The limitations of this study highlight several critical factors that may affect the generalizability and applicability of the findings. Firstly, the uniform prompt used across all large language models (LLMs) may not have optimized performance for each model, suggesting that tailored prompts could yield better results. Additionally, while efforts were made to standardize hyperparameters, the lack of access to specific settings for Llama 2 could introduce variability. The benchmarking process, which involved only 20 questions assessed by a single coder, raises concerns about potential bias and the representativeness of the questions in capturing the complexities of real-world scenarios.

Moreover, the absence of a real-world evaluation involving end users in a production environment limits the study’s applicability, as such settings may introduce unique challenges, such as time constraints.

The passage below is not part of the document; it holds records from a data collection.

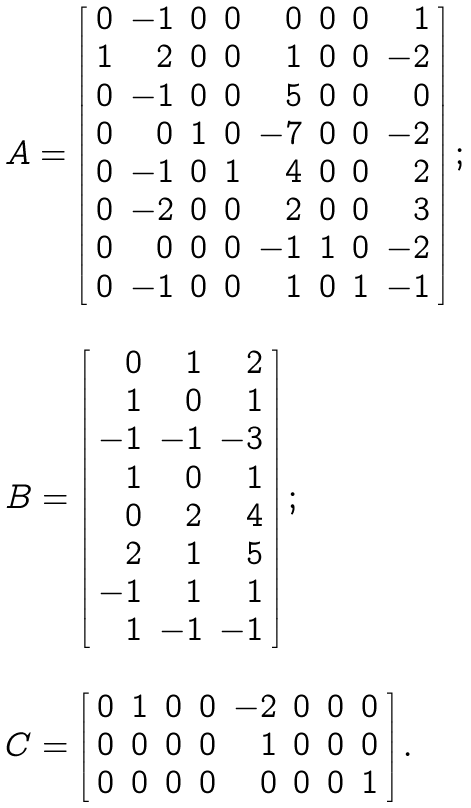<formula> <loc_0><loc_0><loc_500><loc_500>\begin{array} { l } A = \left [ \begin{array} { r r r r r r r r } 0 & - 1 & 0 & 0 & 0 & 0 & 0 & 1 \\ 1 & 2 & 0 & 0 & 1 & 0 & 0 & - 2 \\ 0 & - 1 & 0 & 0 & 5 & 0 & 0 & 0 \\ 0 & 0 & 1 & 0 & - 7 & 0 & 0 & - 2 \\ 0 & - 1 & 0 & 1 & 4 & 0 & 0 & 2 \\ 0 & - 2 & 0 & 0 & 2 & 0 & 0 & 3 \\ 0 & 0 & 0 & 0 & - 1 & 1 & 0 & - 2 \\ 0 & - 1 & 0 & 0 & 1 & 0 & 1 & - 1 \\ \end{array} \right ] ; \\ \\ B = \left [ \begin{array} { r r r } 0 & 1 & 2 \\ 1 & 0 & 1 \\ - 1 & - 1 & - 3 \\ 1 & 0 & 1 \\ 0 & 2 & 4 \\ 2 & 1 & 5 \\ - 1 & 1 & 1 \\ 1 & - 1 & - 1 \\ \end{array} \right ] ; \\ \\ C = \left [ \begin{array} { r r r r r r r r } 0 & 1 & 0 & 0 & - 2 & 0 & 0 & 0 \\ 0 & 0 & 0 & 0 & 1 & 0 & 0 & 0 \\ 0 & 0 & 0 & 0 & 0 & 0 & 0 & 1 \\ \end{array} \right ] . \\ \end{array}</formula> 
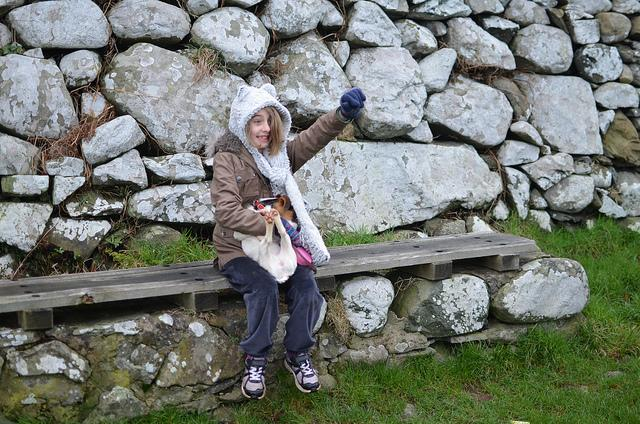What is it called when walls are built without mortar?

Choices:
A) dry stone
B) rubble
C) neolithic
D) stack dry stone

However, the involvement of operators and managers in generating questions based on their experiences provided some level of practical insight. Future research directions include conducting longitudinal studies that assess the tool’s impact on production performance, operator wellbeing, and cognitive abilities in real-world settings, as well as exploring more comprehensive prompt and model customization strategies.